Report each line of the entries that contains the word "path", copied in full.

══════════════════════════════

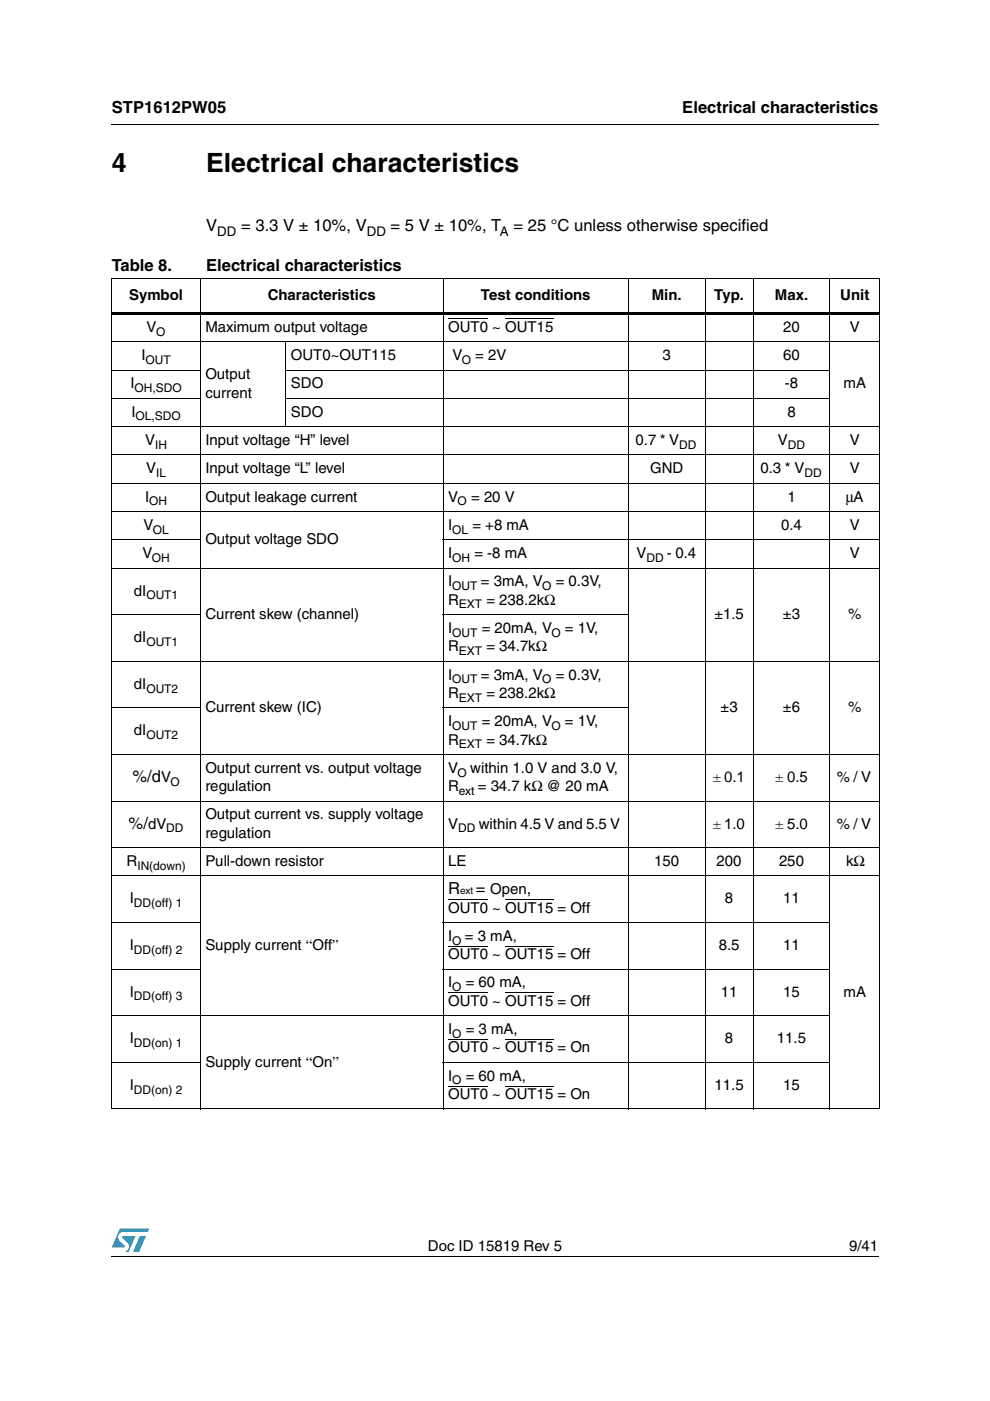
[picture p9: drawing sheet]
<svg xmlns="http://www.w3.org/2000/svg" width="210mm" height="297mm" viewBox="0 0 210 297" stroke-linecap="round" stroke-linejoin="round" font-family="sans-serif">
<defs><g id="words">
<g font-size="5.6">
<text x="23.7" y="36.4">4</text>
<text x="43.7" y="36.4">Electrical characteristics</text>
</g>
<g font-size="3.5">
<text x="23.7" y="23.9">STP1612PW05</text>
<text x="144.7" y="23.9">Electrical characteristics</text>
<text x="43.7" y="49.1">V</text>
<text x="51.1" y="49.1">= 3.3 V ± 10%, V</text>
<text x="82.8" y="49.1">= 5 V ± 10%, T</text>
<text x="108.9" y="49.1">= 25 °C unless otherwise specified</text>
<text x="23.7" y="57.6">Table 8.</text>
<text x="43.7" y="57.6">Electrical characteristics</text>
<text x="28.1" y="165.8">%/dV</text>
<text x="27.3" y="175.7">%/dV</text>
<text x="95" y="189.6">R</text>
<text x="100.9" y="189.6">= Open,</text>
</g>
<g font-size="3.2">
<text x="27.4" y="63.6">Symbol</text>
<text x="56.8" y="63.6">Characteristics</text>
<text x="102" y="63.6">Test conditions</text>
<text x="138.2" y="63.6">Min.</text>
<text x="151.4" y="63.6">Typ.</text>
<text x="164.3" y="63.6">Max.</text>
<text x="178.2" y="63.6">Unit</text>
<text x="31.1" y="70.4">V</text>
<text x="43.5" y="70.4">Maximum output voltage</text>
<text x="95" y="70.4">OUT0 ~ OUT15</text>
<text x="166.1" y="70.4">20</text>
<text x="180.2" y="70.4">V</text>
<text x="30" y="76.3">I</text>
<text x="61.7" y="76.3">OUT0~OUT115</text>
<text x="95.9" y="76.3">V</text>
<text x="100.8" y="76.3">= 2V</text>
<text x="140.5" y="76.3">3</text>
<text x="166.1" y="76.3">60</text>
<text x="27.6" y="82.4">I</text>
<text x="43.5" y="80.4">Output</text>
<text x="61.7" y="82.4">SDO</text>
<text x="166.4" y="82.4">-8</text>
<text x="178.9" y="82.4">mA</text>
<text x="27.9" y="88.3">I</text>
<text x="43.5" y="84.3">current</text>
<text x="61.7" y="88.3">SDO</text>
<text x="166.9" y="88.3">8</text>
<text x="30.8" y="94.3">V</text>
<text x="43.5" y="94.3">Input voltage “H” level</text>
<text x="134.8" y="94.3">0.7 * V</text>
<text x="164.9" y="94.3">V</text>
<text x="180.2" y="94.3">V</text>
<text x="31" y="100.4">V</text>
<text x="43.5" y="100.4">Input voltage “L” level</text>
<text x="137.8" y="100.4">GND</text>
<text x="161.2" y="100.4">0.3 * V</text>
<text x="180.2" y="100.4">V</text>
<text x="30.8" y="106.3">I</text>
<text x="43.5" y="106.3">Output leakage current</text>
<text x="95" y="106.3">V</text>
<text x="99.9" y="106.3">= 20 V</text>
<text x="166.9" y="106.3">1</text>
<text x="179.3" y="106.3">µA</text>
<text x="30.4" y="112.4">V</text>
<text x="95" y="112.4">I</text>
<text x="100.2" y="112.4">= +8 mA</text>
<text x="165.6" y="112.4">0.4</text>
<text x="180.2" y="112.4">V</text>
<text x="30.2" y="118.3">V</text>
<text x="43.5" y="115.3">Output voltage SDO</text>
<text x="95" y="118.3">I</text>
<text x="100.6" y="118.3">= -8 mA</text>
<text x="135" y="118.3">V</text>
<text x="141.4" y="118.3">- 0.4</text>
<text x="180.2" y="118.3">V</text>
<text x="95" y="124.3">I</text>
<text x="102" y="124.3">= 3mA, V</text>
<text x="117.8" y="124.3">= 0.3V,</text>
<text x="28.4" y="126.3">dI</text>
<text x="43.5" y="131.2">Current skew (channel)</text>
<text x="95" y="128.2">R</text>
<text x="103.1" y="128.2">= 238.2kΩ</text>
<text x="151.5" y="131.2">±1.5</text>
<text x="166" y="131.2">±3</text>
<text x="179.8" y="131.2">%</text>
<text x="28.4" y="136.2">dI</text>
<text x="95" y="134.2">I</text>
<text x="102.1" y="134.2">= 20mA, V</text>
<text x="119.8" y="134.2">= 1V,</text>
<text x="95" y="138.1">R</text>
<text x="103.1" y="138.1">= 34.7kΩ</text>
<text x="28.4" y="146">dI</text>
<text x="95" y="148">R</text>
<text x="95" y="144.1">I</text>
<text x="102" y="144.1">= 3mA, V</text>
<text x="103.1" y="148">= 238.2kΩ</text>
<text x="117.8" y="144.1">= 0.3V,</text>
<text x="28.4" y="155.9">dI</text>
<text x="43.5" y="151">Current skew (IC)</text>
<text x="95" y="154">I</text>
<text x="102.1" y="154">= 20mA, V</text>
<text x="119.8" y="154">= 1V,</text>
<text x="152.8" y="151">±3</text>
<text x="166" y="151">±6</text>
<text x="179.8" y="151">%</text>
<text x="95" y="157.9">R</text>
<text x="103.1" y="157.9">= 34.7kΩ</text>
<text x="43.5" y="163.9">Output current vs. output voltage</text>
<text x="43.5" y="167.7">regulation</text>
<text x="95" y="163.9">V</text>
<text x="95" y="167.7">R</text>
<text x="99.7" y="163.9">within 1.0 V and 3.0 V,</text>
<text x="101.3" y="167.7">= 34.7 kΩ @ 20 mA</text>
<text x="151.1" y="165.8">± 0.1</text>
<text x="164.4" y="165.8">± 0.5</text>
<text x="177.4" y="165.8">% / V</text>
<text x="43.5" y="173.7">Output current vs. supply voltage</text>
<text x="43.5" y="177.6">regulation</text>
<text x="95" y="175.7">V</text>
<text x="101.5" y="175.7">within 4.5 V and 5.5 V</text>
<text x="151.1" y="175.7">± 1.0</text>
<text x="164.4" y="175.7">± 5.0</text>
<text x="177.4" y="175.7">% / V</text>
<text x="26.8" y="183.6">R</text>
<text x="43.5" y="183.6">Pull-down resistor</text>
<text x="95" y="183.6">LE</text>
<text x="138.7" y="183.6">150</text>
<text x="151.9" y="183.6">200</text>
<text x="165.2" y="183.6">250</text>
<text x="179.4" y="183.6">kΩ</text>
<text x="27.5" y="191.5">I</text>
<text x="153.7" y="191.5">8</text>
<text x="166.1" y="191.5">11</text>
<text x="95" y="193.5">OUT0 ~ OUT15 = Off</text>
<text x="27.5" y="201.4">I</text>
<text x="43.5" y="201.4">Supply current “Off”</text>
<text x="95" y="199.5">I</text>
<text x="95" y="203.4">OUT0 ~ OUT15 = Off</text>
<text x="98.6" y="199.5">= 3 mA,</text>
<text x="152.4" y="201.4">8.5</text>
<text x="166.1" y="201.4">11</text>
<text x="95" y="209.4">I</text>
<text x="98.7" y="209.4">= 60 mA,</text>
<text x="27.5" y="211.3">I</text>
<text x="95" y="213.2">OUT0 ~ OUT15 = Off</text>
<text x="152.8" y="211.3">11</text>
<text x="166.1" y="211.3">15</text>
<text x="178.9" y="211.3">mA</text>
<text x="27.5" y="221.2">I</text>
<text x="95" y="219.2">I</text>
<text x="98.7" y="219.2">= 3 mA,</text>
<text x="153.7" y="221.2">8</text>
<text x="164.7" y="221.2">11.5</text>
<text x="43.5" y="226.1">Supply current “On”</text>
<text x="95" y="223.1">OUT0 ~ OUT15 = On</text>
<text x="27.5" y="231.1">I</text>
<text x="95" y="233">OUT0 ~ OUT15 = On</text>
<text x="95" y="229.1">I</text>
<text x="98.7" y="229.1">= 60 mA,</text>
<text x="151.5" y="231.1">11.5</text>
<text x="166.1" y="231.1">15</text>
<text x="90.7" y="265.1">Doc ID 15819 Rev 5</text>
<text x="180.1" y="265.1">9/41</text>
</g>
<g font-size="2.8">
<text x="46.1" y="50">DD</text>
<text x="77.8" y="50">DD</text>
<text x="106" y="50">A</text>
</g>
<g font-size="2.5">
<text x="33.1" y="71.2">O</text>
<text x="30.9" y="77.2">OUT</text>
<text x="97.9" y="77.2">O</text>
<text x="28.5" y="83.1">OH,SDO</text>
<text x="28.7" y="89.2">OL,SDO</text>
<text x="32.9" y="95.1">IH</text>
<text x="144" y="95.1">DD</text>
<text x="167" y="95.1">DD</text>
<text x="33.1" y="101.1">IL</text>
<text x="170.6" y="101.1">DD</text>
<text x="31.6" y="107.1">OH</text>
<text x="97" y="107.1">O</text>
<text x="32.4" y="113.1">OL</text>
<text x="95.9" y="113.1">OL</text>
<text x="32.2" y="119.1">OH</text>
<text x="95.9" y="119.1">OH</text>
<text x="137.1" y="119.1">DD</text>
<text x="95.9" y="125.1">OUT</text>
<text x="115" y="125.1">O</text>
<text x="31" y="127.1">OUT1</text>
<text x="97.3" y="129">EXT</text>
<text x="31" y="136.9">OUT1</text>
<text x="95.9" y="135">OUT</text>
<text x="116.9" y="135">O</text>
<text x="97.3" y="138.9">EXT</text>
<text x="31" y="146.8">OUT2</text>
<text x="95.9" y="144.9">OUT</text>
<text x="97.3" y="148.8">EXT</text>
<text x="115" y="144.9">O</text>
<text x="95.9" y="154.8">OUT</text>
<text x="116.9" y="154.8">O</text>
<text x="31" y="156.7">OUT2</text>
<text x="97.3" y="158.6">EXT</text>
<text x="36.2" y="166.6">O</text>
<text x="97" y="164.6">O</text>
<text x="97.3" y="168.5">ext</text>
<text x="35.3" y="176.5">DD</text>
<text x="97.1" y="176.5">DD</text>
<text x="29.1" y="184.4">IN(down)</text>
<text x="28.4" y="192.3">DD(off) 1</text>
<text x="28.4" y="202.2">DD(off) 2</text>
<text x="95.9" y="200.3">O</text>
<text x="28.4" y="212.1">DD(off) 3</text>
<text x="95.9" y="210.2">O</text>
<text x="28.4" y="222">DD(on) 1</text>
<text x="95.9" y="220">O</text>
<text x="28.4" y="231.9">DD(on) 2</text>
<text x="95.9" y="229.9">O</text>
</g>
<text font-size="2.1" x="97.6" y="189.6">ext</text>
</g></defs>
<g fill="#0099d8">
<path d="M29.7 262.1h1.2l-1.4 3.3h-1.3z"/>
<path d="M25.4 260.5h6.2l-.3 .7h-5.1a1.13 1.13 0 0 0-1.1 .7 1.13 1.13 0 0 0 .3 1.2l1 1v.3l-2.7 .1z"/>
<path d="M26 262.1h2.7l-1.4 3.3h-.7a1.18 1.18 0 0 0 .5-1.9l-1.1-1.1z"/>
</g>
<path d="M23.6 26.2l.1 .2zM23.6 66.2h163v.6h-163zM23.6 266.3l.1 .1z" fill="#000"/>
<g fill="none" stroke="#000" stroke-width=".21">
<path d="M23.7 26.3h162.6M23.6 59.1h163M23.7 59.2v175.8M42.5 59v176.2M94 59v176.2M133.2 59v176.2M149.5 59v176.2M159.7 59v176.2M175.9 59v176.2M186.5 59.2v175.8M23.6 72.5h163M23.6 78.5h19"/>
<path d="M60.5 78.5h115.5M60.6 72.4v18.2M95 67.6h8.5M107.1 67.6h10.2M23.6 84.5h19M23.6 90.5h163M23.6 96.5h163M60.5 84.5h115.5M23.6 102.5h163M23.6 108.5h163M23.6 114.5h19M93.9 114.5h92.7"/>
<path d="M23.6 120.5h163M23.6 130.3h19M93.9 130.3h39.4M23.6 140.2h163M23.6 150.1h19M23.6 160h163M93.9 150.1h39.4M23.6 169.8h163M23.6 179.7h163M23.6 185.7h163M23.6 195.6h19M93.9 195.6h82.1"/>
<path d="M95 190.7h8.5M107.1 190.7h10.2M23.6 205.5h19M23.6 215.3h152.4M93.9 205.5h82.1M95 200.6h8.5M95 210.5h8.5M107.1 200.6h10.2M107.1 210.5h10.2M23.6 225.2h19M23.6 235.1h163M93.9 225.2h82.1"/>
<path d="M95 220.4h8.5M95 230.3h8.5M107.1 220.4h10.2M107.1 230.3h10.2M23.7 266.3h162.6"/>
</g>
<use href="#words"/>
</svg>

══════════════════════════════

▸ **Task solution**
<path d="M29.7 262.1h1.2l-1.4 3.3h-1.3z"/>
<path d="M25.4 260.5h6.2l-.3 .7h-5.1a1.13 1.13 0 0 0-1.1 .7 1.13 1.13 0 0 0 .3 1.2l1 1v.3l-2.7 .1z"/>
<path d="M26 262.1h2.7l-1.4 3.3h-.7a1.18 1.18 0 0 0 .5-1.9l-1.1-1.1z"/>
<path d="M23.6 26.2l.1 .2zM23.6 66.2h163v.6h-163zM23.6 266.3l.1 .1z" fill="#000"/>
<path d="M23.7 26.3h162.6M23.6 59.1h163M23.7 59.2v175.8M42.5 59v176.2M94 59v176.2M133.2 59v176.2M149.5 59v176.2M159.7 59v176.2M175.9 59v176.2M186.5 59.2v175.8M23.6 72.5h163M23.6 78.5h19"/>
<path d="M60.5 78.5h115.5M60.6 72.4v18.2M95 67.6h8.5M107.1 67.6h10.2M23.6 84.5h19M23.6 90.5h163M23.6 96.5h163M60.5 84.5h115.5M23.6 102.5h163M23.6 108.5h163M23.6 114.5h19M93.9 114.5h92.7"/>
<path d="M23.6 120.5h163M23.6 130.3h19M93.9 130.3h39.4M23.6 140.2h163M23.6 150.1h19M23.6 160h163M93.9 150.1h39.4M23.6 169.8h163M23.6 179.7h163M23.6 185.7h163M23.6 195.6h19M93.9 195.6h82.1"/>
<path d="M95 190.7h8.5M107.1 190.7h10.2M23.6 205.5h19M23.6 215.3h152.4M93.9 205.5h82.1M95 200.6h8.5M95 210.5h8.5M107.1 200.6h10.2M107.1 210.5h10.2M23.6 225.2h19M23.6 235.1h163M93.9 225.2h82.1"/>
<path d="M95 220.4h8.5M95 230.3h8.5M107.1 220.4h10.2M107.1 230.3h10.2M23.7 266.3h162.6"/>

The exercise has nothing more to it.